Page:Goldsmith - Le Vicaire.djvu/78

La bibliothèque libre.
Cette page a été validée par deux contributeurs.

Le chapelain s’approcha, et demanda pardon de nous avoir troublés, assurant qu’il ne nous savait pas si près ; puis il s’assit à côté de ma fille cadette, et, en vrai chasseur, lui offrit ce qu’il avait tué dans la matinée. Elle allait refuser, mais un coup d’œil de sa mère lui fit réparer, son étourderie, et accepter le présent, quoique avec de l’hésitation. Ma femme, comme de coutume, laissa percer son orgueil, en remarquant, à voix basse, que Sophie avait fait la conquête du chapelain, comme Olivia celle du Squire. Je soupçonnais, avec plus de probabilité, que son affection avait un autre objet.

Le chapelain était chargé de nous annoncer que M. Thornhill avait fait venir de la musique et des rafraîchissements, et qu’il avait le projet de donner, le soir même, aux dames, un bal au clair de la lune, sur la pelouse devant notre porte. « Je ne puis cacher, ajouta-t-il, que j’ai intérêt à apporter le premier ce message ; car, pour ma récompense, j’espère que miss Sophie me fera l’honneur de danser avec moi. — Oh ! de grand cœur ! répondit Sophie, si les convenances me le permettaient.
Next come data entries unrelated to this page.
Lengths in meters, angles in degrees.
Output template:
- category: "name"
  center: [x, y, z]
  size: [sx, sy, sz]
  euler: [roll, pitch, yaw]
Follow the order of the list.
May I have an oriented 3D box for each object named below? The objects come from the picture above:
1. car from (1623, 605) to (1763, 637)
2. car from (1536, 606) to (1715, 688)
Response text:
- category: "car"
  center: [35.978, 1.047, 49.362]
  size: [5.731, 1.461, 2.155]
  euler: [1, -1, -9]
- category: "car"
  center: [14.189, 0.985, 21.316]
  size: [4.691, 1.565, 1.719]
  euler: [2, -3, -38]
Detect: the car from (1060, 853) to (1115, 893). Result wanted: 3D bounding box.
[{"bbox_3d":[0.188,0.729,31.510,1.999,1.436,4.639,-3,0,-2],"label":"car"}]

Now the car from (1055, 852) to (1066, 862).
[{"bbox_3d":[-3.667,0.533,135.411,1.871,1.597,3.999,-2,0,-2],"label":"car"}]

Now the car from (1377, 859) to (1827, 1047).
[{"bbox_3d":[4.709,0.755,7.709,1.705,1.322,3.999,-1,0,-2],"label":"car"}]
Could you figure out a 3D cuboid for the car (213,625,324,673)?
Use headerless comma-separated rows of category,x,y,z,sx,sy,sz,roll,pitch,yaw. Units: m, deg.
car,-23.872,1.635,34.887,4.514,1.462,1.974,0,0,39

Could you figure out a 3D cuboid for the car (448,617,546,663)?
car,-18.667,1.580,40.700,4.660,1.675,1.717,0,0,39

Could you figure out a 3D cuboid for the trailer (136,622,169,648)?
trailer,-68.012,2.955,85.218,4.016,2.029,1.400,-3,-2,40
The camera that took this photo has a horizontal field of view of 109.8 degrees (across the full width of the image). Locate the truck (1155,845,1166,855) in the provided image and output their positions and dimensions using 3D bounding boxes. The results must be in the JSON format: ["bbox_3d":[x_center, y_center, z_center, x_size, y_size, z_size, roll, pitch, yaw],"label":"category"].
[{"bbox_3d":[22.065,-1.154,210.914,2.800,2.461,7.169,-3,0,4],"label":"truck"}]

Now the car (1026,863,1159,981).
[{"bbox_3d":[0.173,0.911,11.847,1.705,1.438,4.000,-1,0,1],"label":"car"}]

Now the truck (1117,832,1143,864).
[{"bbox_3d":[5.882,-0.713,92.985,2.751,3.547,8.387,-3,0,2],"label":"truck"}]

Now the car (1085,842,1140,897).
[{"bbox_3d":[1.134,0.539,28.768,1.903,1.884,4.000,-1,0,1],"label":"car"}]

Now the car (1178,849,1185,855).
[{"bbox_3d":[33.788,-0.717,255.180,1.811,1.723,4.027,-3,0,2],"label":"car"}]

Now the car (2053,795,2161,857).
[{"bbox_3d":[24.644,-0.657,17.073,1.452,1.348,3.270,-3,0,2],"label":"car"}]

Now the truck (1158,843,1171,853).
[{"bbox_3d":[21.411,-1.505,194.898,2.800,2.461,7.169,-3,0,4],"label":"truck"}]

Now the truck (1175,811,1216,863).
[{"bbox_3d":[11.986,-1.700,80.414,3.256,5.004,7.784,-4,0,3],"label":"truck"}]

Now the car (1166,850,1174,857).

Mais voici, ajouta-t-elle en regardant M. Burchell, un gentleman qui a partagé avec moi les fatigues de la journée et qui doit en partager les amusements. »

M. Burchell la remercia de sa bonne intention, mais la céda au chapelain ; il était, à cinq milles de là, invité à un souper de moisson, et il allait y passer la nuit.

Son refus était pour moi un peu extraordinaire, et je ne pouvais concevoir qu’une fille de sens comme Sophie préférât un homme ruiné à un homme qui avait de bien plus belles espérances. Mais si les hommes sont fort habiles à discerner le mérite des femmes, les femmes, parfois, ont sur nous un coup d’œil de la plus grande justesse. Destinés, il paraît, à s’épier l’un l’autre, les deux sexes ont reçu une aptitude diverse pour cette mutuelle surveillance.